5. Ecology of Pythium spp.
14Pythium species can be found in various ecological areas such as soils in arable land, pastures, forests, nurseries, and marshes, and in water (Van der Plaats-Niterink, 1981). In general, soil temperature can affect spore germination, germ tube growth and zoospore discharge (Tedla et al., 1992). However, each Pythium species has its specific optimal development conditions. For example, P. ultimum and P. dissotocum inhabit cool (10-15 °C) and wet soil as saprophytes on crop residues. Other Pythium root rots, such as those caused by P. aphanidermatum, P. irregulare, Pythium sylvaticum Campbell and P. myriotylum occur in warm (25-36 °C) and wet soil (Owen-Going et al., 2008).
15Pythium species have been recovered in soils with a pH ranging from 3.6 to 7.2 (Martin et al., 1999). However, in the same study, Pythium spp. populations were found to be higher in soils with a pH ranging from 6.8 to 7.2 and lower in soils with a pH ranging from 3.6 to 5.5 (Martin et al., 1999). The pH of soil influences some phases of the Pythium species life cycle, such as the formation of oospores and sporangia. Alkaline soils (above a pH of 7) favor the growth of Pythium species (Lumsden et al., 1987). Pythium species are more abundant in cultivated than in uncultivated soils: cultivation and incorporation of plant residues into the soil tend to create favorable conditions for the faster decomposition of organic matter, and thus of the availability of fungal food in that environment (Hendrix et al., 1971). However, some Pythium species are mycoparasites. For example, P. oligandrum is nonpathogenic on 12 species of crops from six families, including sugar beet, cucumber, wheat, peas, nephrolepis and common beans (Dušková, 1995; Wulff et al., 1998). Pythium oligandrum does not attack the tissues of these crops but occurs on the root surface, predominantly in the regions of the hypocotyl (taproot), together with plant pathogenic fungi. Pythium oligandrum utilizes the root exudates and fungus hyphae on the root surface, including those of the plant pathogens, for its own nutrition (Brožová, 2002).

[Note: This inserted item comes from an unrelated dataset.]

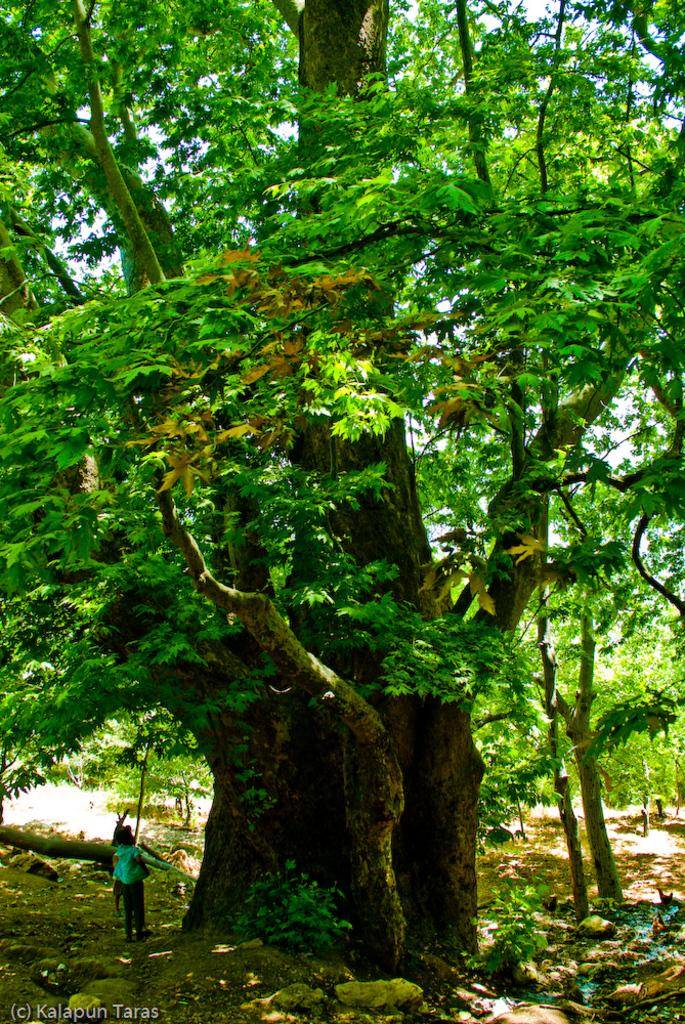How many people are in the image? There are two people in the image. Where are the two people standing? The two people are standing under a huge tree. What can be seen in the background of the image? There are many trees visible in the background. What is the condition of the land in the image? The land has stones on it. What type of structure can be seen in the image? There is no structure present in the image; it features two people standing under a tree on a stony land. What type of stitch is being used by the person on the left in the image? There is no person sewing or using a stitch in the image; it only shows two people standing under a tree. 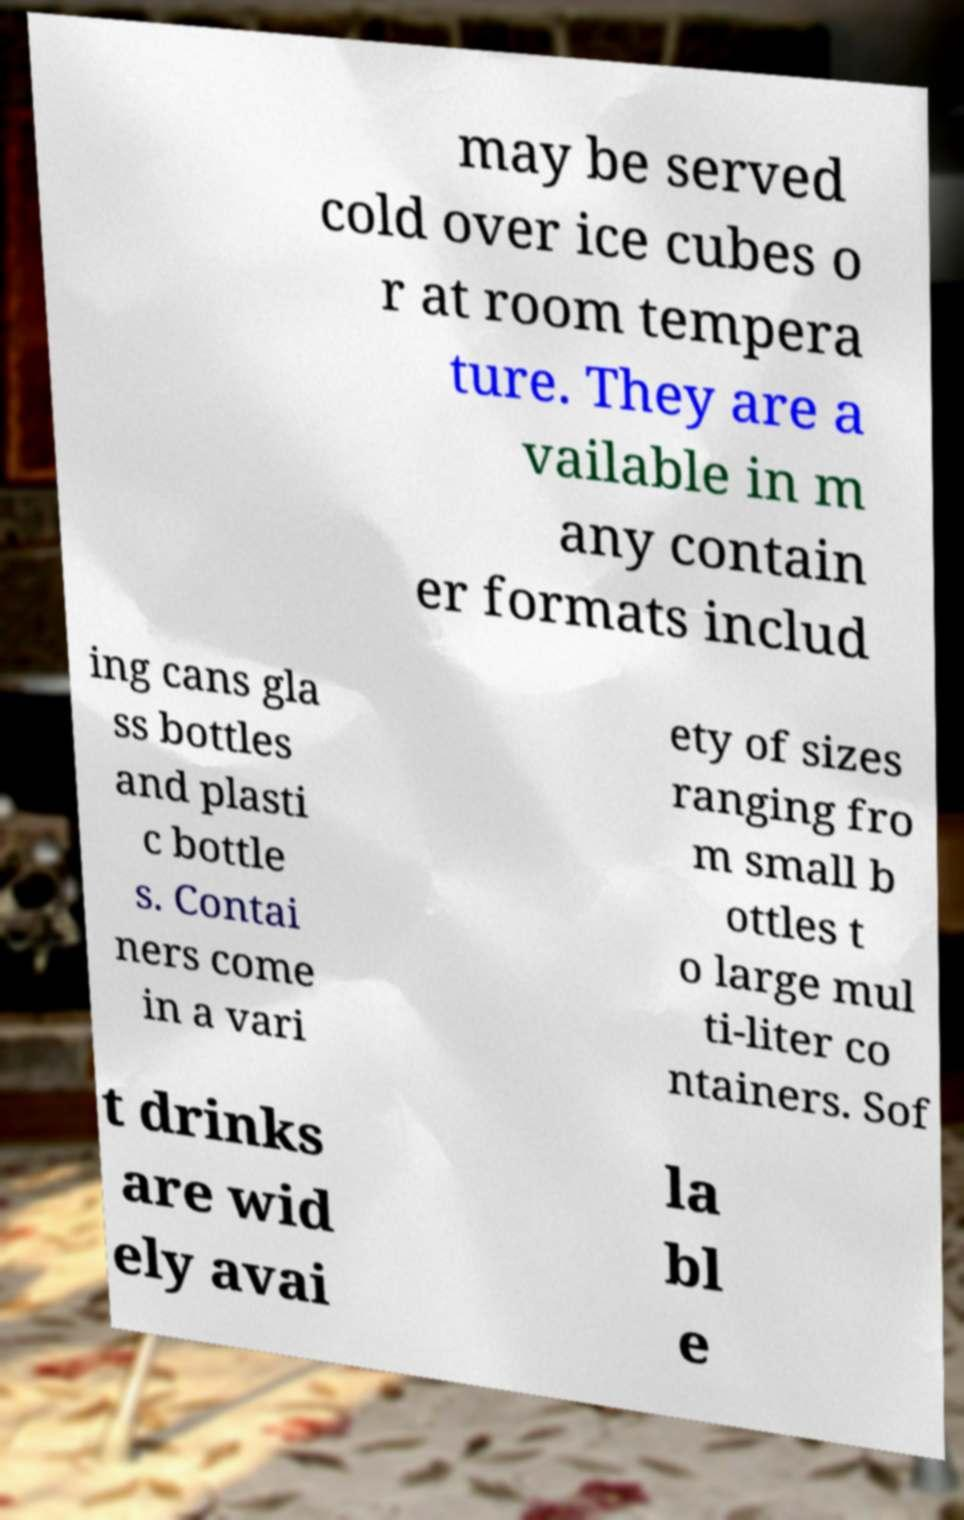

6. Pythium root rot control methods
6.1. Chemical control of Pythium spp.
16Once introduced into the soil, Pythium spp. may persist for many years through resistance structures such as oospores, zoospores and sporangia (Onokpise et al., 1999). In these conditions, applying chemical treatments to kill the pathogen may be an efficient method. There are many specific pesticides such as benomyl, captafol, captan, carboxin, metalaxyl, propamocarb hydrochloride and etridiazole, which have already proven to be efficient in controlling Pythium root rot diseases on beans. However, some pesticides, such as benomyl, are only active on growing mycelium, but not during the resting stage of the mycelium. In the same context, soil fumigants such as methyl bromide, chloropicrin and Vorlex are highly effective biocides that kill Pythium agents (Abawi et al., 2006). In Latin America and Africa, one of the safest and most economical uses of chemicals to control Pythium pathogens consists of coating the seeds of crops. This usually results in effective protection of seeds and young seedlings for about 2 to 3 weeks after sowing (Abawi et al., 2006; Schwartz et al., 2007). However, given the conditions prevailing in diverse developing countries such as those in Eastern and Central Africa, poor farmers cannot easily afford to apply a chemical control. Moreover, the large scale use of chemical treatment could constitute a source of soil and water contamination, while at the same time exposing poorly educated farmers to health risks related to handling chemical pesticides. Therefore, the one use of chemical control that could be applied in the context of developing countries – i.e. chemically coating the seeds of crops in order to protect them against Pythium pathogens – cannot be considered as sustainable in bean production by poor farmers in most of those countries.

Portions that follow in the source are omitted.